Serta Simmons’ Chapter 11 filing in Texas on Monday lifts the leveraged loan default rate for the last 12 months to 8.8% from 5.3%, says Eric Rosenthal, senior director of leveraged finance at Fitch Ratings.
Why it matters: A default rate in the high single digits indicates an industry is in distress. Consumer products is in distress.
- The default rate, however, is largely driven by two issuers, Serta Simmons and Revlon (which filed for bankruptcy in June), Rosenthal notes.
What we’re watching: Among the most distressed issuers aside from Serta Simmons according to Fitch, S&P Global Ratings and Moody’s Investor Services are:
- San Francisco-based beauty company Rodan & Fields
- Los Angeles-based cosmetics business Anastasia Beverly Hills
- Austin, Texas-based home decor company KNB Holdings Corp.
- New York-based apparel manufacturer Premier Brands Group.
The big picture: The institutional loan default rate across industries for the trailing 12 months rose to 1.7% from 1.6%, the highest level since June 2021, Rosenthal says.
- The large middle market (LMM) default rate is expected to increase from 1.2% “due to a greater vulnerability to rising interest rates,” he adds.
Driving the news: Under bankruptcy protection, Serta Simmons aims to restructure its debt, reducing it from $1.9 billion to $300 million.
- The prepackaged plan includes $125 million of debtor-in-possession financing and another $125 million once it exits Chapter 11.
Between the lines: In addition to significant debt maturities this year, Serta Simmons cited reduced consumer spending, rising material costs, supply chain disruptions and the adverse effects of COVID-19 as the reasons behind its bankruptcy.
- Ongoing litigation also played a role, says Judah Gross, also a senior director of leveraged finance at Fitch.
Catch up fast: Serta Simmons is being sued by a group of funds including Apollo for allowing rival lenders to jump ahead in seniority in exchange for $200 million in fresh capital as part of a 2020 restructuring.
What they’re saying: “Serta envisions a restructuring that will delever the company by about $1.6 billion and hand over the lion’s share of the equity to first-lien, second-out lenders,” Gross explains.

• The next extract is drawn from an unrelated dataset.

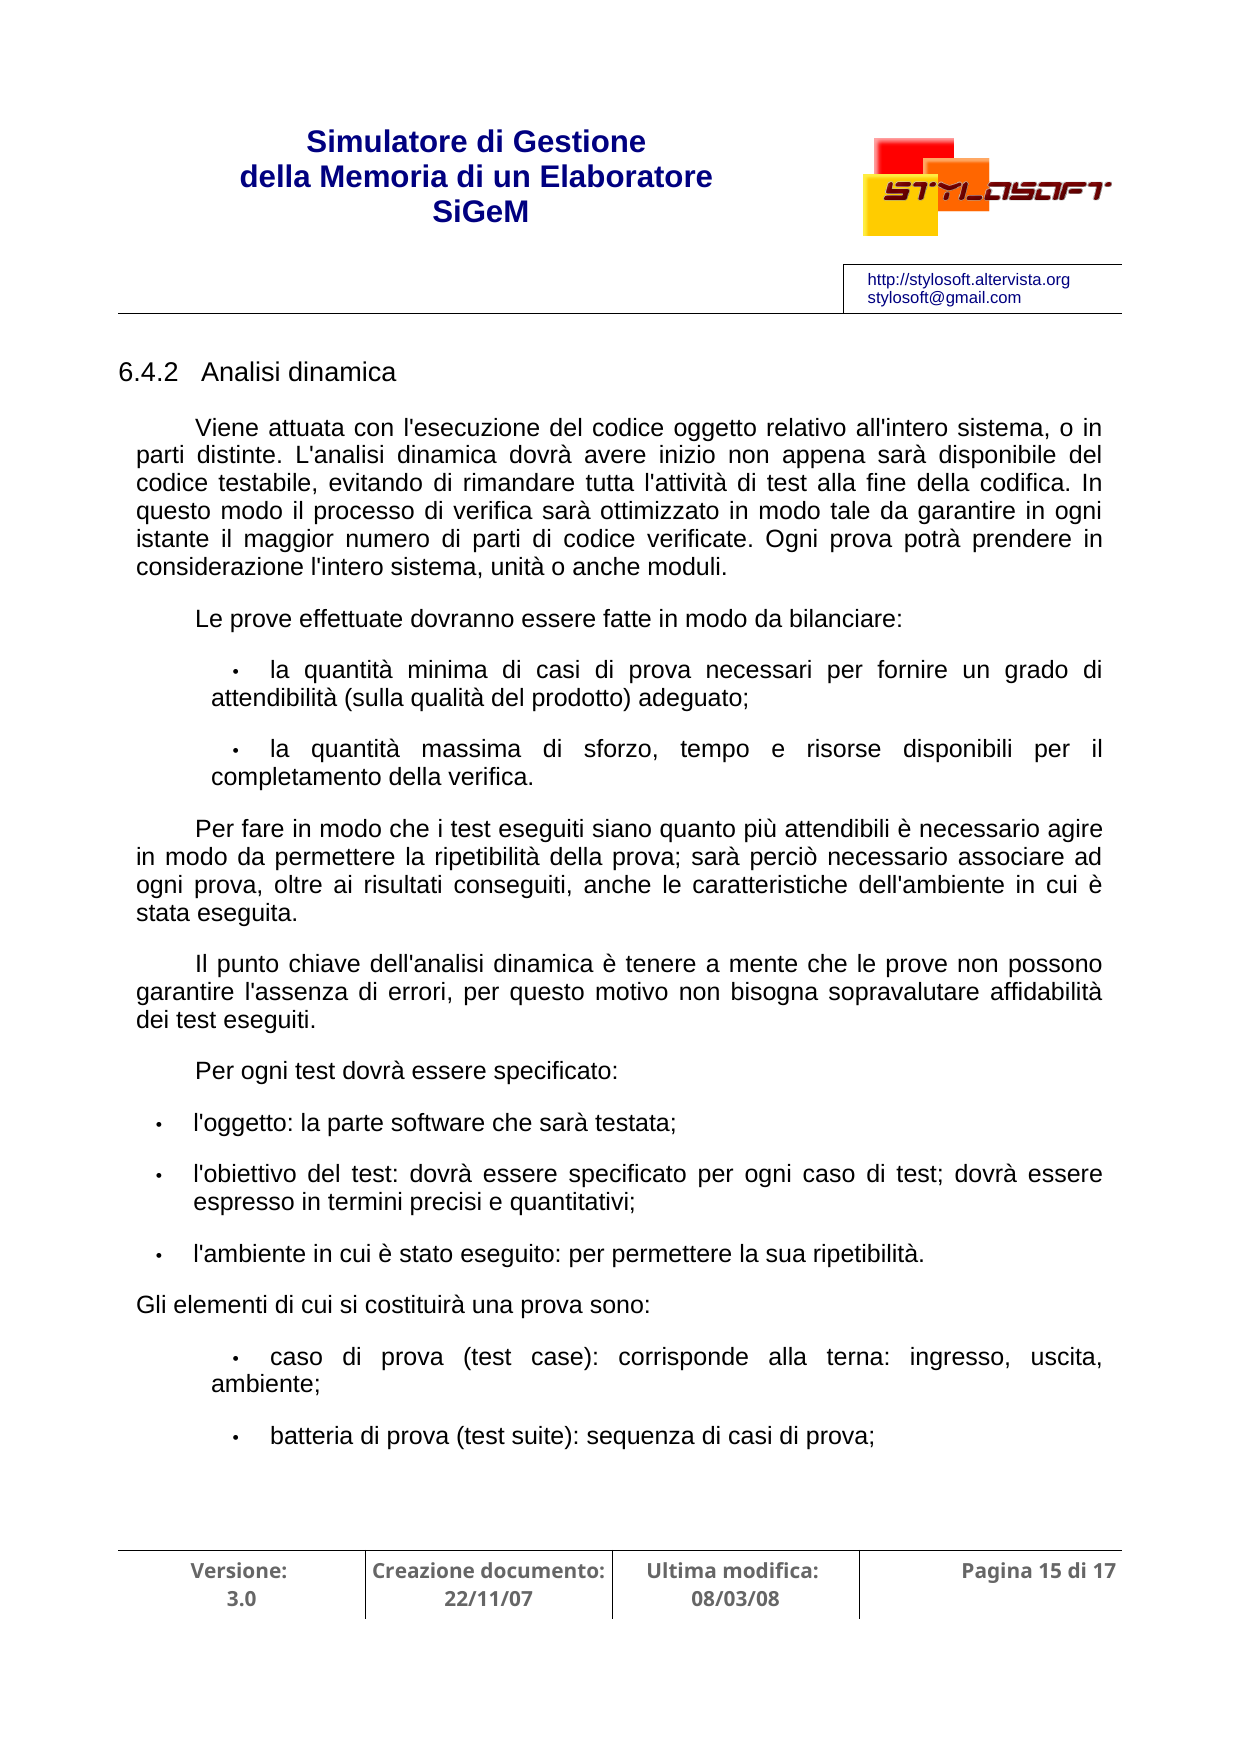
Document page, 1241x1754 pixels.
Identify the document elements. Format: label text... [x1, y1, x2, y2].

- “However, Serta acknowledges that its ability to restructure its balance sheet and emerge from Chapter 11 is inextricably tied to the resolution of the disputes raised in connection with the 2020 priming transactions,” he says.

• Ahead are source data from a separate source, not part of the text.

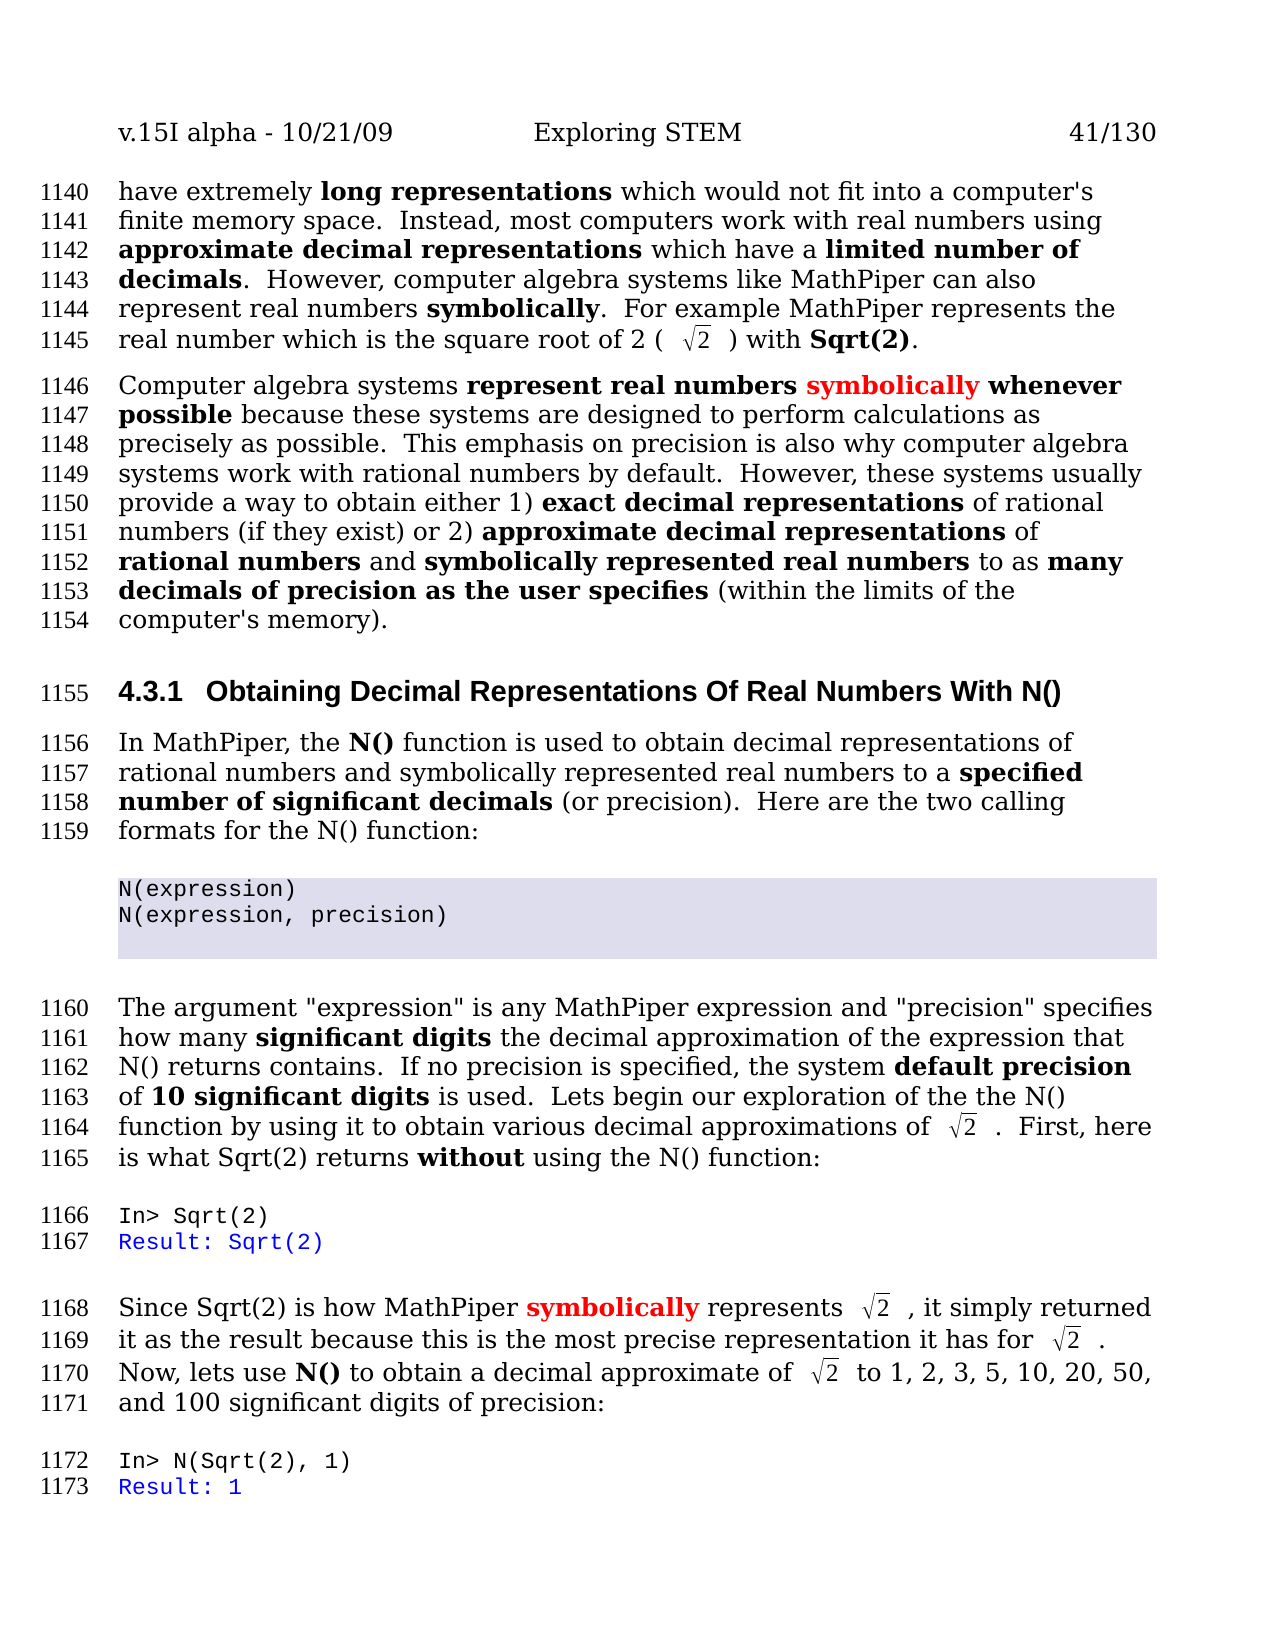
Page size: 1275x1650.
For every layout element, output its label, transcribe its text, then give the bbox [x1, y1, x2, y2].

subtitle Obtaining Decimal Representations Of Real Numbers With N() [118, 674, 1157, 707]
table_header N(expression) N(expression, precision) [118, 878, 1157, 959]
text The argument "expression" is any MathPiper expression and "precision" specifies how many significant digits the decimal approximation of the expression that N() returns contains. If no precision is specified, the system default precision of 10 significant digits is used. Lets begin our exploration of the the N() function by using it to obtain various decimal approximations of. First, here is what Sqrt(2) returns without using the N() function: [118, 994, 1157, 1173]
text In> N(Sqrt(2), 1) [118, 1450, 1157, 1476]
text In MathPiper, the N() function is used to obtain decimal representations of rational numbers and symbolically represented real numbers to a specified number of significant decimals (or precision). Here are the two calling formats for the N() function: [118, 728, 1157, 845]
text In> Sqrt(2) [118, 1205, 1157, 1231]
text Computer algebra systems represent real numbers symbolically whenever possible because these systems are designed to perform calculations as precisely as possible. This emphasis on precision is also why computer algebra systems work with rational numbers by default. However, these systems usually provide a way to obtain either 1) exact decimal representations of rational numbers (if they exist) or 2) approximate decimal representations of rational numbers and symbolically represented real numbers to as many decimals of precision as the user specifies (within the limits of the computer's memory). [118, 371, 1157, 634]
text Result: Sqrt(2) [118, 1231, 1157, 1257]
text Since Sqrt(2) is how MathPiper symbolically represents, it simply returned it as the result because this is the most precise representation it has for. Now, lets use N() to obtain a decimal approximate ofto 1, 2, 3, 5, 10, 20, 50, and 100 significant digits of precision: [118, 1291, 1157, 1418]
text have extremely long representations which would not fit into a computer's finite memory space. Instead, most computers work with real numbers using approximate decimal representations which have a limited number of decimals. However, computer algebra systems like MathPiper can also represent real numbers symbolically. For example MathPiper represents the real number which is the square root of 2 () with Sqrt(2). [118, 177, 1157, 356]
text Result: 1 [118, 1476, 1157, 1502]

- “Together with its bankruptcy filing, Serta also filed a litigation with the bankruptcy court seeking a declaratory judgment that the priming transactions executed in 2020 were valid,” Gross adds.
The bottom line: Given reduced spending, inflation and a difficult debt financing market, Serta Simmons will be joined by a number of consumer-facing companies as this year unfolds.